Olayların arkasında Polat olduğunu görünce tam bir ‘kapak’ anı yaşandı. Uuuuu
beybi keyiflendirmedi değil. Fakat masanın üstündeki tableti görünce yine
keyfim kaçtı. Adamların sınırsız kaynakları var ama yine de tablette kılıf var.
Böyle böyle zengin oluyorlar işte.
Üstad’ın çok geçmeden uyanması akıcılık açısından sevindiriciydi. Bu adam 10 bölüm uyanmaz diye korkmadım değil. Cahit’le, Fehmi Kuzuzade serbest kaldı ama Cahit’i nereye götürdüler tam bir muamma. Bir de üstüne Ömer Baba'ların evi talan edilip, Cahit’e ait kasetler adamların eline geçince Cahit’in geleceği gerçekten endişelendirdi beni. Bu arada 11 yıldır mekanların önüne dikilen korumaların daha kurşun dahi atamadan hep kolayca öldürüldüğünü gördük. Yine aynısı oldu. Kapı önüne dikilen bir adam da işe yarasa da kötüler gelirken heyecan yapsak.
Ömer Baba'nın evi talan edilince Polat Alemdar mesajı aldı,
“Sevdiklerin artık güvende değil.” Herkesi koruma altına almaya çalıştı. En
zayıf nokta tabii ki hac vazifesini yapan Ömer Baba ve Nazife Anne'ydi. Bizzat
oraya gitmeyi tercih etti Polat. Bu sırada Ömer Baba anladığımız kadarıyla
İslam Dünyası'nda önemli bir entelektüelle konuşuyordu. Kalkarken bir başkası da
selam verdi. Ömer Baba çok enteresan adam. Sıradan bir imam ama Aslan Bey’e
Ortadoğu’yla ilgili rapor hazırlayan da oydu, belli ki İslam aleminin tanıdığı
adamlardan saygı gören de o. 11 yıldır çözebilmiş değilim Ömer Baba'yı.
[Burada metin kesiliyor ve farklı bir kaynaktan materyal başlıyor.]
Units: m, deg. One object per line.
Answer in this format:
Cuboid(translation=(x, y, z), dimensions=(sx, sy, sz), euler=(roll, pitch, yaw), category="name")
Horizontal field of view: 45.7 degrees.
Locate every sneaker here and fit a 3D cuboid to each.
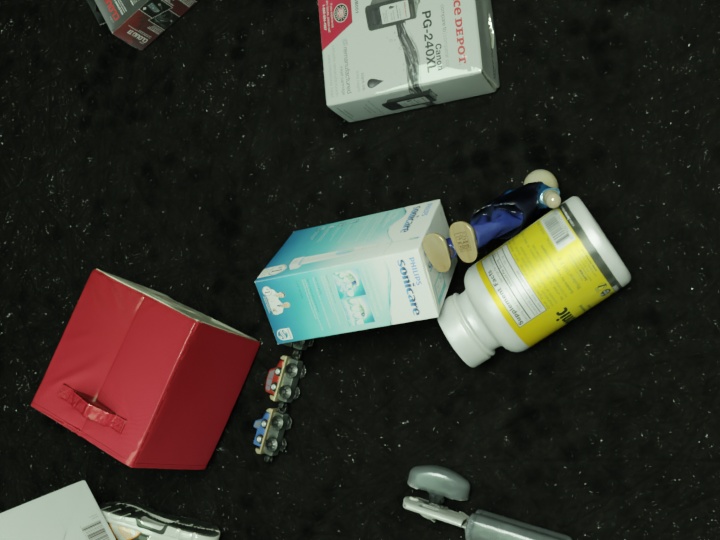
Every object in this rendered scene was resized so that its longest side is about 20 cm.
Cuboid(translation=(-0.279, 0.353, 1.108), dimensions=(0.197, 0.074, 0.081), euler=(10, 90, 23), category="sneaker")

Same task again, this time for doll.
Cuboid(translation=(0.158, -0.061, 0.924), dimensions=(0.136, 0.199, 0.049), euler=(-22, 97, 48), category="doll")

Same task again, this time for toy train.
Cuboid(translation=(-0.098, 0.140, 1.078), dimensions=(0.045, 0.034, 0.203), euler=(15, 90, 26), category="toy train")

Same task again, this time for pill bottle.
Cuboid(translation=(0.184, 0.019, 0.937), dimensions=(0.199, 0.111, 0.112), euler=(-35, 73, 15), category="pill bottle")

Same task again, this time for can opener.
Cuboid(translation=(0.142, 0.272, 0.958), dimensions=(0.197, 0.053, 0.068), euler=(11, 89, 21), category="can opener")

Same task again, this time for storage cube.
Cuboid(translation=(-0.260, 0.126, 1.062), dimensions=(0.169, 0.200, 0.182), euler=(23, 86, 23), category="storage cube")

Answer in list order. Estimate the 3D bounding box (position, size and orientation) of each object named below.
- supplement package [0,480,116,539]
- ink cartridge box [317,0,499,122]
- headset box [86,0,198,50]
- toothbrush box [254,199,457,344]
Cuboid(translation=(-0.412, 0.399, 1.079), dimensions=(0.153, 0.150, 0.200), euler=(55, 128, 17), category="supplement package")
Cuboid(translation=(0.058, -0.276, 1.033), dimensions=(0.197, 0.083, 0.148), euler=(-8, 81, 21), category="ink cartridge box")
Cuboid(translation=(-0.301, -0.424, 1.198), dimensions=(0.199, 0.077, 0.150), euler=(-34, 73, 14), category="headset box")
Cuboid(translation=(0.000, 0.000, 0.985), dimensions=(0.197, 0.147, 0.086), euler=(-12, 111, 20), category="toothbrush box")
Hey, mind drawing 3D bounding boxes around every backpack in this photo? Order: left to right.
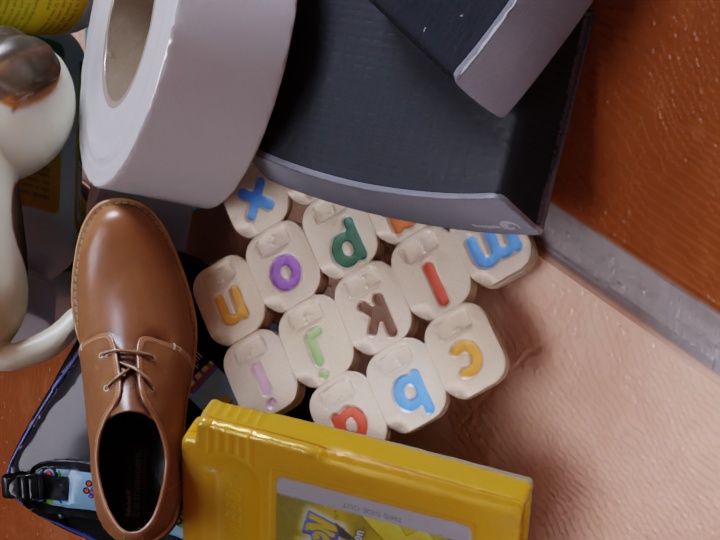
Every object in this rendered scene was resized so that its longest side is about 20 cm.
[{"bbox_3d":[-0.093,0.102,1.330,0.183,0.200,0.135,-60,3,8],"label":"backpack"}]

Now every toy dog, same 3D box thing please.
[{"bbox_3d":[-0.241,-0.053,1.278,0.193,0.140,0.201,17,75,10],"label":"toy dog"}]

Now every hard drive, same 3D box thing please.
[{"bbox_3d":[0.025,-0.097,1.168,0.200,0.042,0.135,13,89,40],"label":"hard drive"},{"bbox_3d":[0.078,-0.194,1.073,0.135,0.042,0.200,48,115,34],"label":"hard drive"}]

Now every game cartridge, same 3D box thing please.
[{"bbox_3d":[-0.006,0.167,1.221,0.199,0.032,0.177,12,127,13],"label":"game cartridge"}]

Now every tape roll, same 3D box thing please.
[{"bbox_3d":[-0.103,-0.140,1.248,0.202,0.071,0.203,-170,90,-69],"label":"tape roll"}]

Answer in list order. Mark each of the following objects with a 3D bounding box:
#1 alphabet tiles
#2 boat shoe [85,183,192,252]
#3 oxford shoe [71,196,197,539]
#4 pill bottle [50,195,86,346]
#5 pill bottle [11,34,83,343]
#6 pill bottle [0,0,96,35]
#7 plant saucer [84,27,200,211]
[{"bbox_3d":[0.000,0.000,1.218,0.200,0.015,0.196,-31,70,18],"label":"alphabet tiles"},{"bbox_3d":[-0.151,-0.016,1.412,0.065,0.073,0.200,56,155,39],"label":"boat shoe"},{"bbox_3d":[-0.126,0.055,1.214,0.071,0.071,0.201,114,150,-85],"label":"oxford shoe"},{"bbox_3d":[-0.256,-0.045,1.540,0.113,0.112,0.201,-45,63,47],"label":"pill bottle"},{"bbox_3d":[-0.241,-0.057,1.417,0.113,0.112,0.201,-27,59,52],"label":"pill bottle"},{"bbox_3d":[-0.223,-0.198,1.341,0.104,0.199,0.105,9,102,52],"label":"pill bottle"},{"bbox_3d":[-0.118,-0.139,1.408,0.200,0.027,0.201,18,113,49],"label":"plant saucer"}]
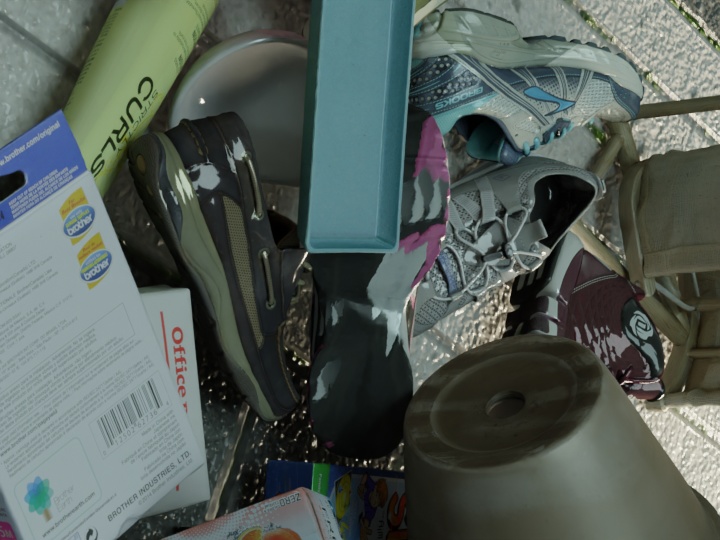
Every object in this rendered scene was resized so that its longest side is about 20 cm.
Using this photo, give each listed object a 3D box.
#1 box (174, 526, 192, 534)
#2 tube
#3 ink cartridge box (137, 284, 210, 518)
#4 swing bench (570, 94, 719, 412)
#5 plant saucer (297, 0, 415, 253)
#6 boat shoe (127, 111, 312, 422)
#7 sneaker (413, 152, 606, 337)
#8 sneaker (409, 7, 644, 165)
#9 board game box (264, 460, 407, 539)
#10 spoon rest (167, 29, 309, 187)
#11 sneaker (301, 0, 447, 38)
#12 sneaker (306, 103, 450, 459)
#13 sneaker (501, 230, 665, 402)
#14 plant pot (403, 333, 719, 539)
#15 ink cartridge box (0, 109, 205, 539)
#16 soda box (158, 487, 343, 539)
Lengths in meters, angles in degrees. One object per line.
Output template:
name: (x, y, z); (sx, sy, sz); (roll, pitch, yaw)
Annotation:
box: (-0.031, 0.219, 1.146); (0.050, 0.199, 0.159); (11, 80, -40)
tube: (-0.132, -0.084, 1.153); (0.058, 0.052, 0.201); (46, 57, -36)
ink cartridge box: (-0.146, 0.071, 1.121); (0.199, 0.067, 0.117); (-10, 96, -47)
swing bench: (0.263, -0.013, 1.473); (0.201, 0.198, 0.130); (58, 48, -30)
plant saucer: (-0.002, -0.110, 1.167); (0.070, 0.019, 0.202); (0, 97, -44)
boat shoe: (-0.060, 0.000, 1.179); (0.073, 0.075, 0.201); (-27, 132, -9)
sneaker: (0.075, -0.023, 1.354); (0.200, 0.082, 0.075); (-40, 117, -38)
sneaker: (0.100, -0.107, 1.398); (0.199, 0.077, 0.087); (9, 84, -37)
board game box: (-0.012, 0.215, 1.274); (0.135, 0.034, 0.202); (12, 80, -57)
spoon rest: (-0.027, -0.082, 1.248); (0.199, 0.099, 0.061); (17, 34, -49)
sneaker: (0.038, -0.204, 1.295); (0.067, 0.090, 0.200); (32, 50, 6)
sneaker: (0.000, 0.000, 1.249); (0.080, 0.086, 0.201); (10, 102, -6)
sneaker: (0.142, 0.080, 1.406); (0.115, 0.076, 0.201); (27, 67, -17)
plant pot: (0.103, 0.138, 1.235); (0.200, 0.199, 0.174); (-48, 130, -37)
ink cartridge box: (-0.154, 0.038, 1.033); (0.119, 0.042, 0.201); (-39, 122, -40)
soda box: (-0.102, 0.171, 1.066); (0.068, 0.199, 0.064); (43, 28, -75)
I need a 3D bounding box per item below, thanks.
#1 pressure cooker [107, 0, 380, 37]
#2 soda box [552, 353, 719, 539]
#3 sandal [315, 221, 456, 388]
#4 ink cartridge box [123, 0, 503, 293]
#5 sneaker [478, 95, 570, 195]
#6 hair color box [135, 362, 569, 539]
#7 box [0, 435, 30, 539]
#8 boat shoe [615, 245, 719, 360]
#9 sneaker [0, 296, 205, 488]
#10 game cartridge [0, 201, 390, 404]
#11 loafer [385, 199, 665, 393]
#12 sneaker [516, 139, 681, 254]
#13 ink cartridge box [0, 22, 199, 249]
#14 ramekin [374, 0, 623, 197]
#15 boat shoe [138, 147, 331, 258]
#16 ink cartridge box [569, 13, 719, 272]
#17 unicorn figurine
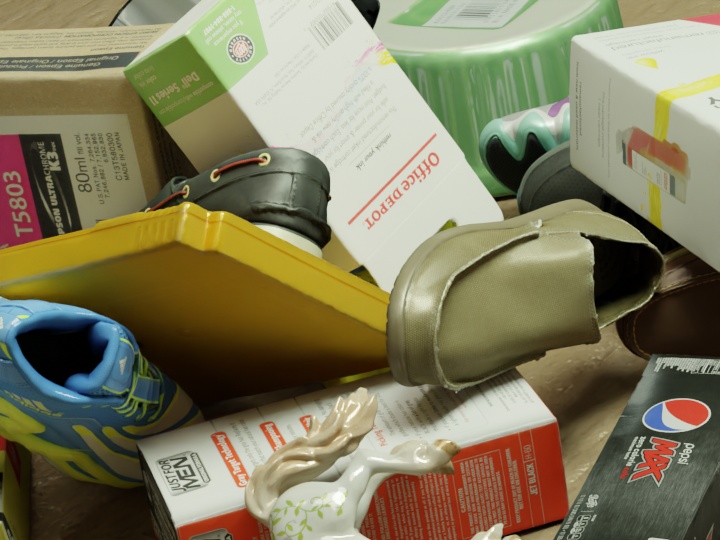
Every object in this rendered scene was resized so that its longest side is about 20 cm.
[{"bbox_3d":[-0.063,-0.086,1.786,0.179,0.176,0.200,-21,24,-14],"label":"pressure cooker"},{"bbox_3d":[0.147,0.117,1.412,0.063,0.071,0.200,0,28,23],"label":"soda box"},{"bbox_3d":[0.000,0.000,1.692,0.087,0.080,0.200,11,30,24],"label":"sandal"},{"bbox_3d":[-0.023,-0.069,1.621,0.067,0.200,0.117,-25,15,48],"label":"ink cartridge box"},{"bbox_3d":[0.176,-0.103,1.817,0.200,0.078,0.140,3,44,6],"label":"sneaker"},{"bbox_3d":[-0.005,0.106,1.505,0.200,0.061,0.102,-14,25,-10],"label":"hair color box"},{"bbox_3d":[-0.217,0.112,1.583,0.075,0.050,0.200,-13,25,2],"label":"box"},{"bbox_3d":[0.237,0.019,1.580,0.200,0.072,0.068,-6,24,2],"label":"boat shoe"},{"bbox_3d":[-0.137,0.066,1.517,0.200,0.076,0.105,25,-13,-39],"label":"sneaker"},{"bbox_3d":[-0.088,0.019,1.552,0.200,0.176,0.032,-14,59,43],"label":"game cartridge"},{"bbox_3d":[0.087,0.009,1.522,0.067,0.076,0.200,8,25,37],"label":"loafer"},{"bbox_3d":[0.181,-0.036,1.708,0.200,0.073,0.082,1,27,22],"label":"sneaker"},{"bbox_3d":[-0.169,-0.036,1.694,0.165,0.200,0.075,-2,28,20],"label":"ink cartridge box"},{"bbox_3d":[0.082,-0.132,1.912,0.200,0.098,0.200,-8,26,4],"label":"ramekin"},{"bbox_3d":[-0.084,-0.015,1.583,0.201,0.074,0.063,-20,53,51],"label":"boat shoe"},{"bbox_3d":[0.220,-0.073,1.602,0.145,0.083,0.200,-9,23,-20],"label":"ink cartridge box"},{"bbox_3d":[0.009,0.151,1.387,0.137,0.074,0.200,-27,42,-13],"label":"unicorn figurine"}]
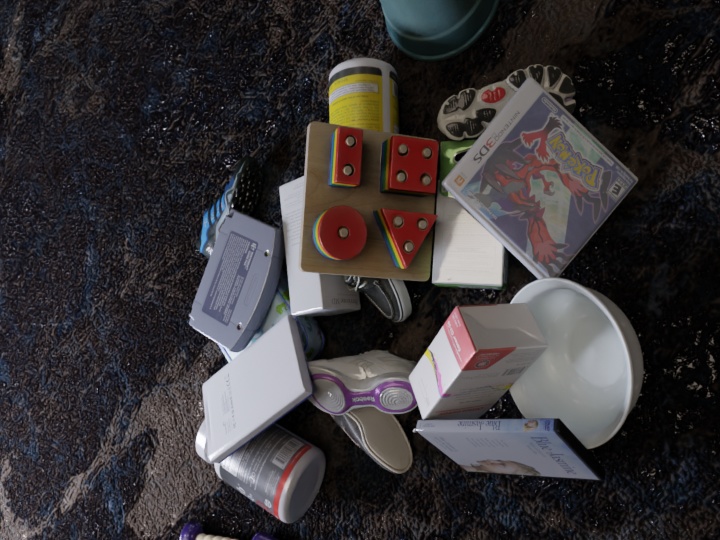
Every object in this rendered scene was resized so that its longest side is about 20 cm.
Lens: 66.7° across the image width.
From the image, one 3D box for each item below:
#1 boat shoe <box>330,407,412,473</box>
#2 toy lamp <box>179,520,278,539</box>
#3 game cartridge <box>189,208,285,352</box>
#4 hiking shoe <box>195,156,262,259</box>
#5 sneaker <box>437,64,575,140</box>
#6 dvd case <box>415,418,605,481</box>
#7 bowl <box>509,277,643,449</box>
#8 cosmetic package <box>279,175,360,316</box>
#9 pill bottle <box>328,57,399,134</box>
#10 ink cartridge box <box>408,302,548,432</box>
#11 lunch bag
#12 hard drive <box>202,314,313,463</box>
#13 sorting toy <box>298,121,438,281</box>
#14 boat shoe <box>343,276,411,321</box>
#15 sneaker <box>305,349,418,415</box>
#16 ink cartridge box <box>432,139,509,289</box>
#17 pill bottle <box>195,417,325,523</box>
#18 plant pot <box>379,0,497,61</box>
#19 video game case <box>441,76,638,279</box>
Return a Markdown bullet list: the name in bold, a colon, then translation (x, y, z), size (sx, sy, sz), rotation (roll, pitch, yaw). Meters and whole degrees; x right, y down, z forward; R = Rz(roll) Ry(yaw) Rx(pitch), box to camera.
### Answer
- **boat shoe**: translation (0.004, 0.230, 0.843), size (0.066, 0.058, 0.199), rotation (-39, 69, -22)
- **toy lamp**: translation (-0.213, 0.462, 0.916), size (0.193, 0.058, 0.061), rotation (-4, 82, 28)
- **game cartridge**: translation (-0.194, 0.017, 0.875), size (0.130, 0.040, 0.206), rotation (22, 91, 33)
- **hiking shoe**: translation (-0.243, -0.112, 0.979), size (0.085, 0.074, 0.206), rotation (24, 95, 24)
- **sneaker**: translation (0.205, -0.237, 0.782), size (0.192, 0.083, 0.084), rotation (-8, 98, 9)
- **dvd case**: translation (0.183, 0.223, 0.682), size (0.196, 0.142, 0.018), rotation (-14, 44, 41)
- **bowl**: translation (0.273, 0.106, 0.680), size (0.199, 0.088, 0.209), rotation (22, 115, 58)
- **cosmetic package**: translation (-0.064, -0.035, 0.865), size (0.069, 0.100, 0.208), rotation (-13, 79, 35)
- **pill bottle**: translation (0.007, -0.206, 0.848), size (0.110, 0.114, 0.209), rotation (-4, 82, 24)
- **ink cartridge box**: translation (0.139, 0.132, 0.717), size (0.203, 0.112, 0.069), rotation (115, 145, -43)
- **lunch bag**: translation (-0.165, 0.095, 0.916), size (0.161, 0.082, 0.201), rotation (-45, 68, 13)
- **hard drive**: translation (-0.160, 0.178, 0.824), size (0.198, 0.025, 0.134), rotation (-38, 48, 19)
- **sorting toy**: translation (0.020, -0.093, 0.755), size (0.192, 0.069, 0.207), rotation (4, 90, -16)
- **boat shoe**: translation (0.000, 0.000, 0.824), size (0.203, 0.070, 0.072), rotation (55, 146, -1)
- **sneaker**: translation (-0.002, 0.163, 0.819), size (0.192, 0.100, 0.078), rotation (4, 114, 11)
- **ink cartridge box**: translation (0.163, -0.079, 0.789), size (0.100, 0.059, 0.209), rotation (2, 86, 24)
- **pill bottle**: translation (-0.161, 0.299, 0.874), size (0.195, 0.115, 0.120), rotation (21, 93, 26)
- **plant pot**: translation (0.092, -0.446, 0.788), size (0.193, 0.195, 0.209), rotation (-3, 83, 23)
- **video game case**: translation (0.237, -0.118, 0.726), size (0.199, 0.023, 0.183), rotation (42, 92, 1)
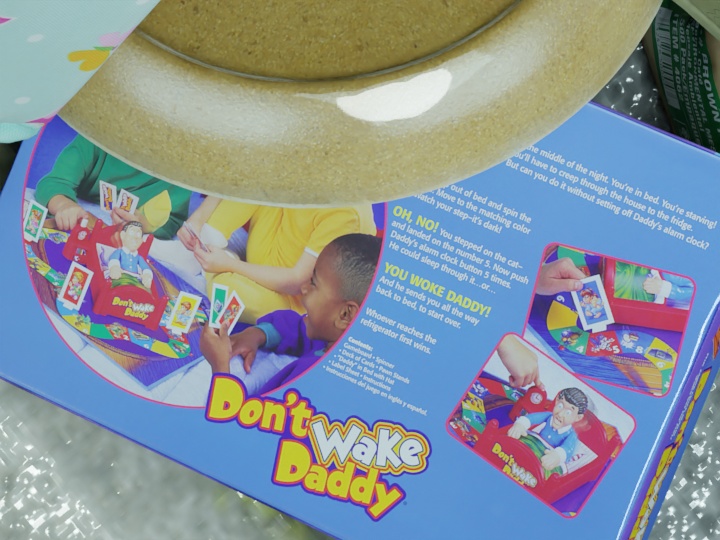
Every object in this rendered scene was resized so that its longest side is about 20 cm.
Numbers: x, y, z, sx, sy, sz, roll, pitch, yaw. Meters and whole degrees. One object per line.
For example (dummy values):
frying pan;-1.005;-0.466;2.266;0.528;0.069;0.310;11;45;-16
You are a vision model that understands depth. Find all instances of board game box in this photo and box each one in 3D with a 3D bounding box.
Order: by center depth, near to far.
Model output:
board game box;0.000;0.000;0.755;0.199;0.045;0.135;24;93;16

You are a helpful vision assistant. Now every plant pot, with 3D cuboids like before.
plant pot;-0.011;-0.113;0.738;0.199;0.028;0.201;-2;67;4

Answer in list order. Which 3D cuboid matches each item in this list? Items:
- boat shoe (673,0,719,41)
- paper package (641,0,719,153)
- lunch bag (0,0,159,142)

Buradan anlaşılmıyor ama...
Suudilerinki küçük
Polat, Mekke topraklarına girince hafif bir hayal kırıklığı
olmadı değil. Amon’un dokuz sene önceki Hummer’inin yanında Suudilerin Hummer’i
alışveriş sepeti gibi kaldı. Bir de Suudiler zengin olur derler. Bari normalinden
uzun olsaydı... Ömer Baba ile Nazife Anne olacaklar içlerine doğmuş gibi birbirleriyle
konuştular. Bir şeyler olacağını bize hissettirdiler. Ömer Baba orada ölmek
istiyordu. Aslında odayı ve manzarayı görünce ben de orada ölmek istedim ama,
tamamen farklı sebeplerden.
Aynı anda IŞİD’i simgeleyen örgüt de oradaydı. Daha önce
Abdülhey’in katilinin ve IŞİD’in halifesi Bağdadi yerine konmuş adamın yanında
gördüğümüz o karizmatik olmaya çalışan adam 5-6 kişiyle beraber otele sızdı.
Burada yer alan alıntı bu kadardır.